Poverty: Who’s to Blame? promises to be controversial. As he has argued in lectures he has given on the book’s themes, we can blame third-world governments for lousy policy and first-world governments for immigration restrictions. So far, so good. The most controversial part of the book will be where he argues that if someone could have taken reasonable steps to prevent their plight, then they themselves are to blame. I expect this part of the book to be just as popular with the “personal responsibility” right as it is unpopular with the “you’re blaming the victim!” left.
His most recent book is co-authored with Saturday Morning Breakfast Cereal cartoonist Zach Weinersmith (I review it here). As with his other books, he summarizes and synthesizes a mountain of moral philosophy, political theory, and empirical economics research to make the case that it should be a lot easier for people to move from one country to another. Indeed, the biggest source of resource misallocation in the world today is that too much low-skill labor is trapped in unproductive places. Caplan is realistic enough to know that he won’t convince everyone–or even most readers–but he and Weinersmith make a valiant and creative effort.
Beyond his scholarship and commentary, Caplan is a model of intellectual discipline and humility.

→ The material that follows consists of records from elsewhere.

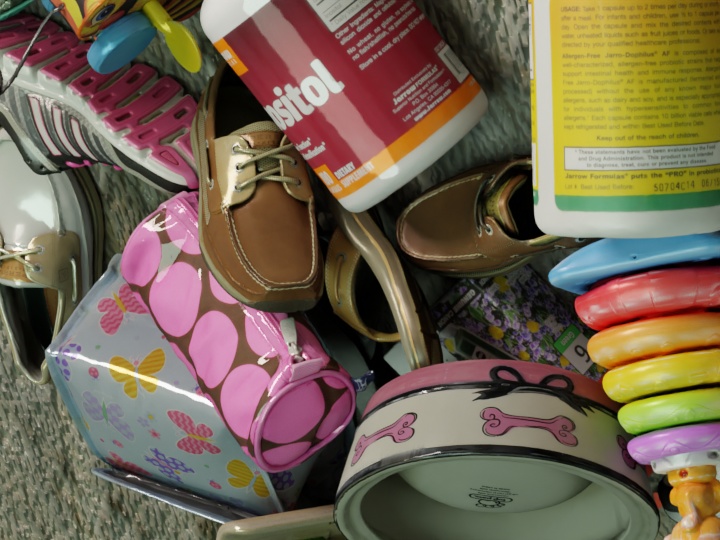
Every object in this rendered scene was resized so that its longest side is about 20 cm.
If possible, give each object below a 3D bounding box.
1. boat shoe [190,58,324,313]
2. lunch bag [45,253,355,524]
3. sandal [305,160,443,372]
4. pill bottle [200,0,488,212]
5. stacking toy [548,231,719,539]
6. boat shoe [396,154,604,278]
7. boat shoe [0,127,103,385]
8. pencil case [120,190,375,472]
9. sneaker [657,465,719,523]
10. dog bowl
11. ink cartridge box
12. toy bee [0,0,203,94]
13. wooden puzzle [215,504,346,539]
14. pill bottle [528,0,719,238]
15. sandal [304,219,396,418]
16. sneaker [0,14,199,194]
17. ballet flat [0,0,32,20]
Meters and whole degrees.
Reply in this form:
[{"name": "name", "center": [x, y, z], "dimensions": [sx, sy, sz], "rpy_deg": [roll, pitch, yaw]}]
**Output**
[{"name": "boat shoe", "center": [-0.068, -0.060, 1.713], "dimensions": [0.200, 0.076, 0.074], "rpy_deg": [-110, 20, -43]}, {"name": "lunch bag", "center": [-0.102, 0.105, 1.886], "dimensions": [0.170, 0.127, 0.200], "rpy_deg": [17, 149, 26]}, {"name": "sandal", "center": [0.000, 0.000, 1.728], "dimensions": [0.200, 0.054, 0.080], "rpy_deg": [62, -175, 26]}, {"name": "pill bottle", "center": [-0.023, -0.144, 1.665], "dimensions": [0.200, 0.113, 0.113], "rpy_deg": [51, 135, -6]}, {"name": "stacking toy", "center": [0.189, 0.079, 1.612], "dimensions": [0.116, 0.110, 0.200], "rpy_deg": [-12, 80, 18]}, {"name": "boat shoe", "center": [0.098, -0.041, 1.667], "dimensions": [0.200, 0.068, 0.072], "rpy_deg": [-13, 76, 32]}, {"name": "boat shoe", "center": [-0.225, -0.011, 1.932], "dimensions": [0.075, 0.068, 0.200], "rpy_deg": [7, 124, 32]}, {"name": "pencil case", "center": [-0.079, 0.032, 1.747], "dimensions": [0.200, 0.091, 0.094], "rpy_deg": [48, 159, 36]}, {"name": "sneaker", "center": [0.262, 0.101, 1.676], "dimensions": [0.200, 0.074, 0.080], "rpy_deg": [-24, 96, 37]}, {"name": "dog bowl", "center": [0.084, 0.122, 1.681], "dimensions": [0.200, 0.074, 0.200], "rpy_deg": [2, 152, 1]}, {"name": "ink cartridge box", "center": [0.122, 0.088, 1.769], "dimensions": [0.200, 0.050, 0.109], "rpy_deg": [45, 135, 1]}, {"name": "toy bee", "center": [-0.147, -0.167, 1.673], "dimensions": [0.131, 0.200, 0.109], "rpy_deg": [38, 134, -6]}, {"name": "wooden puzzle", "center": [-0.019, 0.231, 1.888], "dimensions": [0.200, 0.185, 0.046], "rpy_deg": [106, 147, -43]}, {"name": "pill bottle", "center": [0.150, -0.122, 1.527], "dimensions": [0.113, 0.113, 0.200], "rpy_deg": [2, 97, 34]}, {"name": "sandal", "center": [-0.002, 0.025, 1.811], "dimensions": [0.048, 0.075, 0.200], "rpy_deg": [-20, 117, 15]}, {"name": "sneaker", "center": [-0.179, -0.096, 1.839], "dimensions": [0.200, 0.074, 0.087], "rpy_deg": [30, 133, 21]}, {"name": "ballet flat", "center": [-0.208, -0.208, 1.780], "dimensions": [0.200, 0.070, 0.067], "rpy_deg": [-27, 103, 43]}]
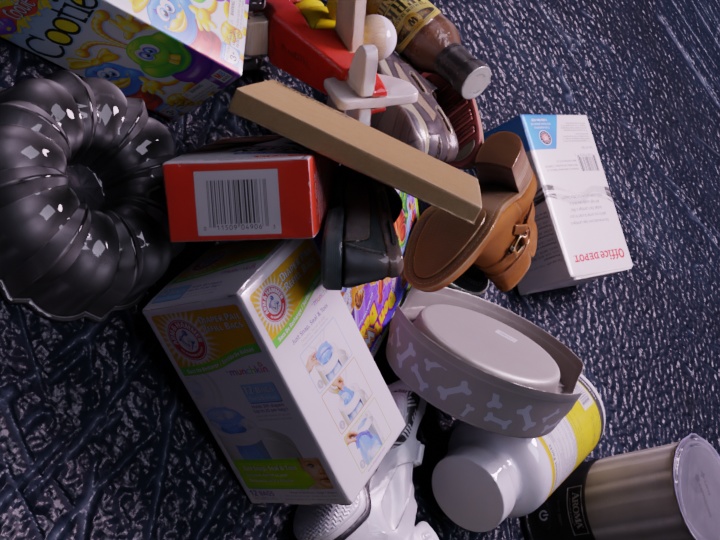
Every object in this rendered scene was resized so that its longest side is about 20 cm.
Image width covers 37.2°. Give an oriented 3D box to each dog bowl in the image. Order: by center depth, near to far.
[{"bbox_3d":[0.114,0.085,1.005,0.200,0.059,0.200,22,18,-7],"label":"dog bowl"}]

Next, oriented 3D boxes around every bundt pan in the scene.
[{"bbox_3d":[-0.212,-0.066,0.826,0.202,0.076,0.203,22,58,-39],"label":"bundt pan"}]

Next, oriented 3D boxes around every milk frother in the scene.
[{"bbox_3d":[0.313,0.270,1.140,0.200,0.188,0.181,-11,82,-48],"label":"milk frother"}]

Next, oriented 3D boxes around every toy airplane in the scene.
[{"bbox_3d":[-0.014,-0.204,0.997,0.141,0.200,0.200,-25,92,-36],"label":"toy airplane"}]

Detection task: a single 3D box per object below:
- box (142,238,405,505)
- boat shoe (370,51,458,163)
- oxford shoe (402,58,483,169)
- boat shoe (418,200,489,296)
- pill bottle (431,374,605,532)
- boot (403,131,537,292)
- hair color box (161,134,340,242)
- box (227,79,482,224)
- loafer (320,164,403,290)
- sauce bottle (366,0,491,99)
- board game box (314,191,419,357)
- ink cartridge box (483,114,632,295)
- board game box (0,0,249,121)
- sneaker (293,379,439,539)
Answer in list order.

Taking his inspiration from Julian Simon, he is an avid bettor. Being a self-described “fundamentalist Tetlockian” (as in the University of Pennsylvania’s Philip E. Tetlock) has served him well. He is undefeated in his public bets.
Caplan is also a frequent (and extremely charitable) debater. He has debated socialism with several opponents (John Marsh, Bryan Leiter, and Elizabeth Bruenig), democracy with Donald Wittman, immigration with Mark Krikorian, Austrian economics with Peter Boettke, and education with Edward Glaeser. I’m sure his ongoing project on poverty will spur another round of debates.
Bryan Caplan is a model intellectual citizen and a model scholar. Because of his influence, I am a better economist and scholar, but importantly I am also a better husband, father, and friend. If you’re looking to sharpen your mind during a time when the world seems to be going crazy, Bryan Caplan’s commentary is a very good place to start.
Happy birthday, Bryan Caplan. May there be many, many more.